Orange ring against black universe with blow up of bright orange spot suspended inside donut.

Wide and close-up views of a moonforming disc as seen with ALMA.

Alma Large Millimeter/submillimeter Array

The recent discovery of a disk of dust around a distant planet—one of over 4,000 extrasolar worlds confirmed in recent decades—shines new light on the formation of solar systems, including our own. The planet in question is one of two Jupiter-sized objects, designated PDS 70b and PDS 70c, that orbit a newly forming star, PDS 70, located nearly 400 light years away in the constellation Centaurus. Astronomers had previously detected a disk of gas and dust surrounding PDS 70, presumably the remnants of material condensing to form the young star. PDS 70b and 70c are embedded in this cloud, orbiting twenty-two and thirty-four times farther from their star, respectively, than the Earth is from the Sun (that’s a little more than the distances of Uranus and Neptune from the Sun). Earlier images from large optical telescopes revealed that the two giant planets had swept their surroundings clear of material as they orbited, carving out two concentric circular cavities in the circumstellar disk.

Now, new observations at higher resolution—made with the Atacama Large Millimeter/submillimeter Array (ALMA), an ensemble of sixty-six radio telescopes located in the high desert of Chile—reveal that PDS 70c is surrounded by its own “circumplanetary” disk of gas and dust, a miniature version of the larger cloud in which it is embedded. The disk is about the size of Earth’s orbit and contains three times as much material as our Moon. “Our work presents a clear detection of a disk in which satellites could be forming,” remarked lead author Myriam Benisty of the University of Grenoble, France, and the University of Chile.

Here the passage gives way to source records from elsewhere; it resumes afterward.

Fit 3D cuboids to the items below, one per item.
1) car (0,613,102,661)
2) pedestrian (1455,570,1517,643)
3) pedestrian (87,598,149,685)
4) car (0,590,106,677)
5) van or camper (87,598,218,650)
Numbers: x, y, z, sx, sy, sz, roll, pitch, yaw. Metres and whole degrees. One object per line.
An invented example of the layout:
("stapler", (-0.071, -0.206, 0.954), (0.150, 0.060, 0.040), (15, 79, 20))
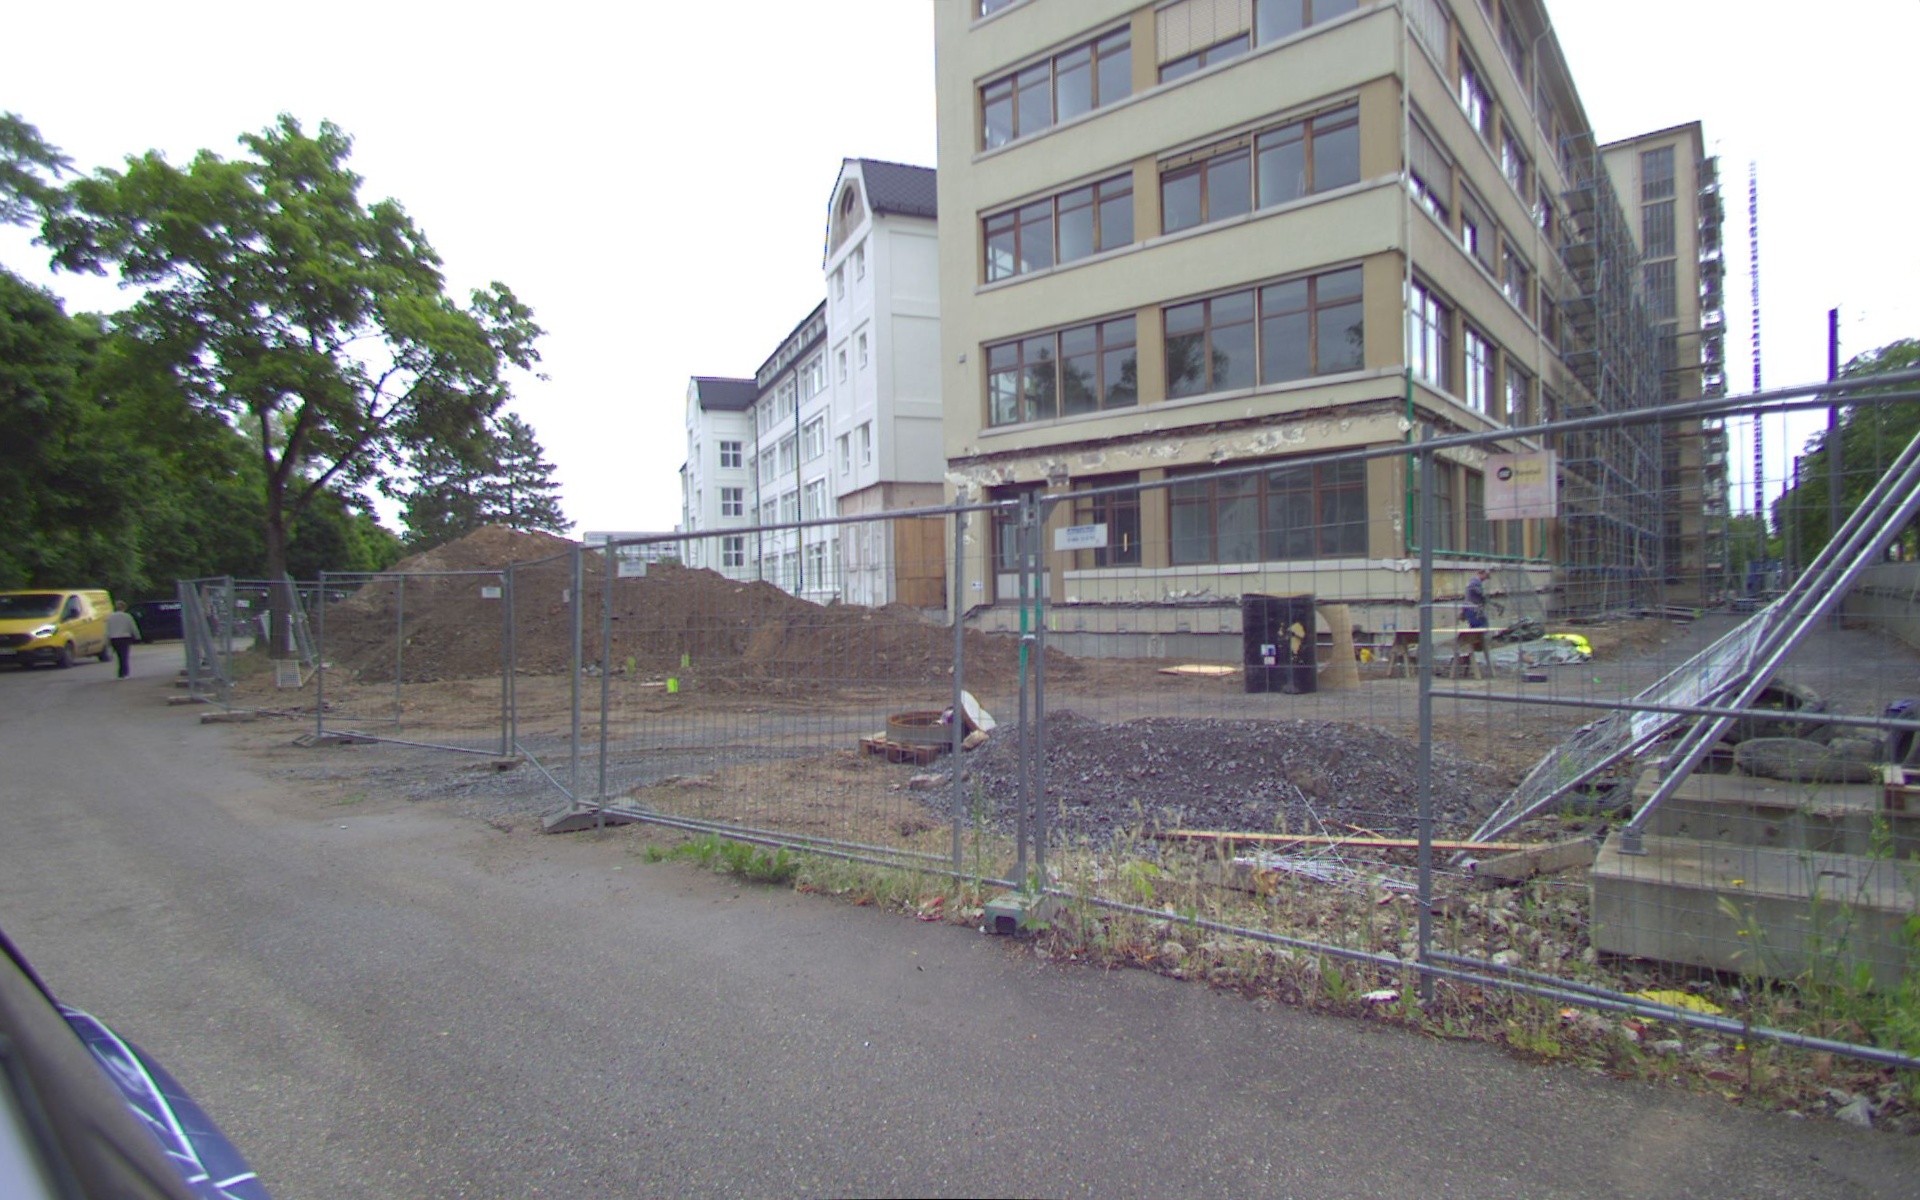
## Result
("car", (-32.974, 1.312, 35.814), (3.822, 1.586, 1.756), (-1, 0, -35))
("pedestrian", (10.767, 0.131, 20.749), (0.975, 1.448, 0.925), (-1, 0, 19))
("pedestrian", (-17.709, 0.857, 21.289), (0.657, 1.795, 0.747), (-1, 0, 16))
("car", (-23.548, 0.823, 25.737), (2.089, 2.029, 4.012), (-1, 0, -30))
("van or camper", (-37.880, 1.081, 47.638), (4.423, 2.275, 2.007), (-1, 0, -23))

Of the many planetary systems studied so far, the PDS 70 system is the only one still in the process of formation, so these observations indicate how planets grow as they accumulate material from their birthclouds. Unlike PDS 70c, the closer planet PDS 70b is not accompanied by a detectable circumplanetary disk. Its surroundings have already been swept nearly clean of moon-forming material, perhaps by the gravitational influence of its more distant companion or by the pull of the central star.

As new giant telescopes come on line in the near future, further observations of the PDS 70 system at even higher resolution should illuminate details of how complex interactions within star-forming clouds determine the size, spacing, and composition of their planets and satellites. (Astrophysical Journal Letters)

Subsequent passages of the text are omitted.